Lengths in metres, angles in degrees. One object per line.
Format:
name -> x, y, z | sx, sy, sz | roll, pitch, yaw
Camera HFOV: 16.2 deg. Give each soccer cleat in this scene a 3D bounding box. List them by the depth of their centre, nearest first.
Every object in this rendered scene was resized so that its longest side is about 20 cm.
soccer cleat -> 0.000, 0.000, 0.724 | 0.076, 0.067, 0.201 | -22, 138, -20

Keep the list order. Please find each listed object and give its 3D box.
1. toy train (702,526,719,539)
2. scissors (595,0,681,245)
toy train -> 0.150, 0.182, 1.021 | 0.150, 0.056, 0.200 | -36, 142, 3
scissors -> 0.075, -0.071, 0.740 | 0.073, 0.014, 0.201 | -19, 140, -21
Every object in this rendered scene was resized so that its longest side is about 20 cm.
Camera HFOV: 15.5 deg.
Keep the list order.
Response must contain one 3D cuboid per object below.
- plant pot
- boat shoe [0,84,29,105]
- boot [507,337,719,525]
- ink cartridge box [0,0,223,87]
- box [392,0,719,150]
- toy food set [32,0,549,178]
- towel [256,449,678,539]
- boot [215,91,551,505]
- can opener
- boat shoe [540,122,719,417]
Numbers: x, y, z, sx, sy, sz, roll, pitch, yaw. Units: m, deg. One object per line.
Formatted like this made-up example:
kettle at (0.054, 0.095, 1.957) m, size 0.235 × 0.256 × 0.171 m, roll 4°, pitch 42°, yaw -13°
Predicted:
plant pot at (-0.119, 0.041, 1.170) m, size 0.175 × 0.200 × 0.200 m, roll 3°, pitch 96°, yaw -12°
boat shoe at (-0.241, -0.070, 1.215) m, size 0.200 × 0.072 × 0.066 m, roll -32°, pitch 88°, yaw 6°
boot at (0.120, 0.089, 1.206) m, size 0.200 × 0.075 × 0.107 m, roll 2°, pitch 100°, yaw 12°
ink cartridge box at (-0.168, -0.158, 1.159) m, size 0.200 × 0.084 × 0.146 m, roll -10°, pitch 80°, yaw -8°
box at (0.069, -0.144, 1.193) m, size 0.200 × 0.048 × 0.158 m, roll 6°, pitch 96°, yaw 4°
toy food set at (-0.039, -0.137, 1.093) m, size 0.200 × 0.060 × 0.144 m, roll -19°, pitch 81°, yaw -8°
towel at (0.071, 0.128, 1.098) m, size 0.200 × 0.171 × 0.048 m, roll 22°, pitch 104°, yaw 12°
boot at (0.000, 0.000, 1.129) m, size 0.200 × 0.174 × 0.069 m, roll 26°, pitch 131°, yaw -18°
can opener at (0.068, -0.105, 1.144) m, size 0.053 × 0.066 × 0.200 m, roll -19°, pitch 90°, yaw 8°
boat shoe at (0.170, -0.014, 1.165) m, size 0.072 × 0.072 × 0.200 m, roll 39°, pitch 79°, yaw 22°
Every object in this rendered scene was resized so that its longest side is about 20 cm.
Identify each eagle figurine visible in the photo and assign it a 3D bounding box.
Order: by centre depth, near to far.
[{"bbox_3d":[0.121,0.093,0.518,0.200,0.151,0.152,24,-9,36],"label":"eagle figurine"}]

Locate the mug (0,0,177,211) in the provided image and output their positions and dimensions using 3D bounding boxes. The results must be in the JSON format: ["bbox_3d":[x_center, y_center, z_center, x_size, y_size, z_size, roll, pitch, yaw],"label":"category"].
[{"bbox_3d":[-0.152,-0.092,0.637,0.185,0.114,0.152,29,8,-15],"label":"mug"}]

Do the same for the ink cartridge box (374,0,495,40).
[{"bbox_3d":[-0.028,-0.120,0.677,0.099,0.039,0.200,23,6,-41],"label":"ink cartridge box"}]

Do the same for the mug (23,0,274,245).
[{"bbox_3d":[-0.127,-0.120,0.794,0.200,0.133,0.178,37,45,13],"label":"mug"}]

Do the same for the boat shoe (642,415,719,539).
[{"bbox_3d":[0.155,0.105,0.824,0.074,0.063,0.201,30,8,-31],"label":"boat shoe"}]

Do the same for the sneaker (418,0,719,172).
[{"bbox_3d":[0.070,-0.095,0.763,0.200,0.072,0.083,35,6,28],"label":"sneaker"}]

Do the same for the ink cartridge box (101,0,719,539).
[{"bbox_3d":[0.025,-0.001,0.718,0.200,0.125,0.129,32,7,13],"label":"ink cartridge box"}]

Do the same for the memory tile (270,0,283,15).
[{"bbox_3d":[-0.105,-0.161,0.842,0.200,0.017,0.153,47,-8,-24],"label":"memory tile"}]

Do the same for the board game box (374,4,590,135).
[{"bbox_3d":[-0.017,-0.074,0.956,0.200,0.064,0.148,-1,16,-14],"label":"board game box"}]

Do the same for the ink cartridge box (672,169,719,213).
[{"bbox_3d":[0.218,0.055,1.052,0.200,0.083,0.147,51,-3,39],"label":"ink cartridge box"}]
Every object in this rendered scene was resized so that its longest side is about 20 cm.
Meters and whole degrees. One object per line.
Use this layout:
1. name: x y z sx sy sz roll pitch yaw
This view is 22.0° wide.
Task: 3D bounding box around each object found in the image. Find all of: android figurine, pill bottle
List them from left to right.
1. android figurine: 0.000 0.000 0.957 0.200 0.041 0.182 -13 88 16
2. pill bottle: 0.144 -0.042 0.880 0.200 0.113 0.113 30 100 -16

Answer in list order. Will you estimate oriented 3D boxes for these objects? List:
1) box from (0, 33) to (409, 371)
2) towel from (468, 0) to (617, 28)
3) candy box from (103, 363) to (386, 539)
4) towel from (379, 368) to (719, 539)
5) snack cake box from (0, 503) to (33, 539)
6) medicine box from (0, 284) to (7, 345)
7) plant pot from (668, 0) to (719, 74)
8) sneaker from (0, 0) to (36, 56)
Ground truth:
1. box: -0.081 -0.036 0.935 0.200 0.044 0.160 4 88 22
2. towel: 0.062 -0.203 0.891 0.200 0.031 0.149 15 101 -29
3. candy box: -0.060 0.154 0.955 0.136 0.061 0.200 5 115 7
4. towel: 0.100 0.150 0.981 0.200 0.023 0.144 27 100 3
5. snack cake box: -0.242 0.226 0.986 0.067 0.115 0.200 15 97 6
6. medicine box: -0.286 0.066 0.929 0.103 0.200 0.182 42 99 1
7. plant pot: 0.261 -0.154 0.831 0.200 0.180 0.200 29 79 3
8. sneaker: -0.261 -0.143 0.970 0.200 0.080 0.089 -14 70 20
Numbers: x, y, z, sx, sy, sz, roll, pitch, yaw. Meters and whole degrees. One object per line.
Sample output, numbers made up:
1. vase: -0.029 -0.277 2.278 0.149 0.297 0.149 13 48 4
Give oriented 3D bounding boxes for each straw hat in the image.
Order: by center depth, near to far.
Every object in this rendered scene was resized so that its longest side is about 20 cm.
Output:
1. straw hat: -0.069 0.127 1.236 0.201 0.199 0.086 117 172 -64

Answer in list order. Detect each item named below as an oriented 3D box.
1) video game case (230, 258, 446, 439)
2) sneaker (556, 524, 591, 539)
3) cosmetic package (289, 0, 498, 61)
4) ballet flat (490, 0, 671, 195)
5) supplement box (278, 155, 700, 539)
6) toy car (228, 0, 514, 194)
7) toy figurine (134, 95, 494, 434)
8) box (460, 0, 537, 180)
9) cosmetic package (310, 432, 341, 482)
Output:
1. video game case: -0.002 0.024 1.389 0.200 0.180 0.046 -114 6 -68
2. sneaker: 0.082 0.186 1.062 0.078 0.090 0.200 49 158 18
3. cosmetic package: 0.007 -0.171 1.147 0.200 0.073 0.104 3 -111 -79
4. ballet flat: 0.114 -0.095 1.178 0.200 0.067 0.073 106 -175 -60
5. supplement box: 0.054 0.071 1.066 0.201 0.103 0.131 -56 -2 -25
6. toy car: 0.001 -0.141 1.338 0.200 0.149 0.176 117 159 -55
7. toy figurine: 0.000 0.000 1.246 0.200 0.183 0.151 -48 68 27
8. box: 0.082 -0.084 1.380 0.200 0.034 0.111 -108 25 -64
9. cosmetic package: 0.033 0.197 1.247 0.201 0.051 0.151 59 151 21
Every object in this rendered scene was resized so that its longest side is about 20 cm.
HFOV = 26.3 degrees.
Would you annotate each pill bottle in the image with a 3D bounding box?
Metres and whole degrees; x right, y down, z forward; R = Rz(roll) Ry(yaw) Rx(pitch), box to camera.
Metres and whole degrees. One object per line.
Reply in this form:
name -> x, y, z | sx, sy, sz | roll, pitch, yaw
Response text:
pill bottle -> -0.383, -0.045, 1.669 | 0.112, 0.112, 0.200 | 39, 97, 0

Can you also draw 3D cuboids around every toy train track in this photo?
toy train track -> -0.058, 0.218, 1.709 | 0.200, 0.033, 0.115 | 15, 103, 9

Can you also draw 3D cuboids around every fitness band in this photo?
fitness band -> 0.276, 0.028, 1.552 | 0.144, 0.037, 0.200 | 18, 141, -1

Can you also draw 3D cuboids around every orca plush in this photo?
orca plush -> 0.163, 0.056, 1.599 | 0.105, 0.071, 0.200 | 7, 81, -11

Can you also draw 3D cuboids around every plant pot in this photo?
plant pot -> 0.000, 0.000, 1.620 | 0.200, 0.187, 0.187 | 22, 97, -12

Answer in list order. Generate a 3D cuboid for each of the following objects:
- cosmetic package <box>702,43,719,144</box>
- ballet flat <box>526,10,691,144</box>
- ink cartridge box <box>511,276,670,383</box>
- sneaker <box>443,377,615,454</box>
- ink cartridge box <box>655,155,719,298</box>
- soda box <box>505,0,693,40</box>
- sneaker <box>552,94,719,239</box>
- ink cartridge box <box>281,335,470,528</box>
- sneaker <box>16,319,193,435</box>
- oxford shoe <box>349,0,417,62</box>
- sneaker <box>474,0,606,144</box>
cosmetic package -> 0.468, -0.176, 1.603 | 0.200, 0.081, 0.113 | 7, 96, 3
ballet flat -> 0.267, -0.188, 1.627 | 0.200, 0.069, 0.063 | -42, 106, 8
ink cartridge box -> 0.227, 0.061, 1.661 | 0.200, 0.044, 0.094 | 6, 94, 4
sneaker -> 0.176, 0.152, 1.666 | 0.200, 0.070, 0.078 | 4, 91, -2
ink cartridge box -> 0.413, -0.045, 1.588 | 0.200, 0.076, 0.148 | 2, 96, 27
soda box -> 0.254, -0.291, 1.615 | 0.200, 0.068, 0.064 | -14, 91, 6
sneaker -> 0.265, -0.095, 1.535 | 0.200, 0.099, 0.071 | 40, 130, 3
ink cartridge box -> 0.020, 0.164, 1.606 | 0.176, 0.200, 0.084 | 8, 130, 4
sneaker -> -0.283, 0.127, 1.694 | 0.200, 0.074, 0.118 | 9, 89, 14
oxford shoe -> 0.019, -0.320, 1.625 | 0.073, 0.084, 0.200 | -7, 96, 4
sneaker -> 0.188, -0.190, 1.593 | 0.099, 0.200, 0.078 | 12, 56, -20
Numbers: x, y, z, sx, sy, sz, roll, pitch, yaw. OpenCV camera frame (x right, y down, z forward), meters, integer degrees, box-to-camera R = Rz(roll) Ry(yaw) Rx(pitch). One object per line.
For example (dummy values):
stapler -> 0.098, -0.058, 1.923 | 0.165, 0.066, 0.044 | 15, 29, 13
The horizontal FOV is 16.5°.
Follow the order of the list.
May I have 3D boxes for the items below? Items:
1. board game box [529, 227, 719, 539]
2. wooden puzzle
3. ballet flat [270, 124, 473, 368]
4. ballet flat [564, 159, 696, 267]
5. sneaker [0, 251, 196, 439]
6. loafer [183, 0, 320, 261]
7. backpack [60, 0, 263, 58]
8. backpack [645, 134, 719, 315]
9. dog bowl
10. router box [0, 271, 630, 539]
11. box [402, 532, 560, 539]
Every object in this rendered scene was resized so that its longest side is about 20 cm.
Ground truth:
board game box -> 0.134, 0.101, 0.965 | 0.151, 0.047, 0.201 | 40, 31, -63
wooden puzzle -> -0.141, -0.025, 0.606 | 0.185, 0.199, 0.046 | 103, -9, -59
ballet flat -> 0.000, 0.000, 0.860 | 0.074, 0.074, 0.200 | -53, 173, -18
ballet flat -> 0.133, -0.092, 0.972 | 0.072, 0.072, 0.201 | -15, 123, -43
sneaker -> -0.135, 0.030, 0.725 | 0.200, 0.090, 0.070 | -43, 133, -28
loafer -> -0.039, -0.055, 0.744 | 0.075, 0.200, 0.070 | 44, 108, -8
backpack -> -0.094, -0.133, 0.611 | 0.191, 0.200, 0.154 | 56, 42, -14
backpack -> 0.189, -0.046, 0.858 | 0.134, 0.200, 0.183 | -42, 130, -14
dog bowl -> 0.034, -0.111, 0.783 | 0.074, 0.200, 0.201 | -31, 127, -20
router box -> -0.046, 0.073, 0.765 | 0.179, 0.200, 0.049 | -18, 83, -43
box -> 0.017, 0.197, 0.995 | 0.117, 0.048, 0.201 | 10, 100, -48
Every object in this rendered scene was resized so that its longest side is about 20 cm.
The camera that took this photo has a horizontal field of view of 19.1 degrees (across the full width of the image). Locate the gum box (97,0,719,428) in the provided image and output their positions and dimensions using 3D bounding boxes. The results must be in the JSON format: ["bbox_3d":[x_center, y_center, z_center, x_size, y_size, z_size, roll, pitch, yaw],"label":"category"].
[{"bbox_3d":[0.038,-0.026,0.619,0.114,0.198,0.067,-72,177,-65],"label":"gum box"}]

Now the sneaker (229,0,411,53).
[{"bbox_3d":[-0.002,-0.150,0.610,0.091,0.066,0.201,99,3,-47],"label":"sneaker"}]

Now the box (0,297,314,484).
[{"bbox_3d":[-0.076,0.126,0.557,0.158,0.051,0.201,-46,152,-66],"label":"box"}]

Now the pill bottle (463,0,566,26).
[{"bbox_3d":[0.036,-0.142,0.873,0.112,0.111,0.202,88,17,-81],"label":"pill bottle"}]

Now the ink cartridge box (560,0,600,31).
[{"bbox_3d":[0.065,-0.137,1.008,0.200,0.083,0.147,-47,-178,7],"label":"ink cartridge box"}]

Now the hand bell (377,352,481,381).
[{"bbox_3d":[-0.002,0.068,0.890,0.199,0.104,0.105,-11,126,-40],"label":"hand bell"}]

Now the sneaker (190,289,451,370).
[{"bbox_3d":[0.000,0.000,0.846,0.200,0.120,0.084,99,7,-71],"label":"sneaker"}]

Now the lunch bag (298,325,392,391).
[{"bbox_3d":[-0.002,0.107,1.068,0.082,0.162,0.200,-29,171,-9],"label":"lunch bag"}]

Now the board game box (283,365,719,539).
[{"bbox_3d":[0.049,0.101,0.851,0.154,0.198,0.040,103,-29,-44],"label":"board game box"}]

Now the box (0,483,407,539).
——
### Task prompt
Search the entries above for the word "Keep" and count the lines that hold it. Reply with only that number.

### Result for this task
2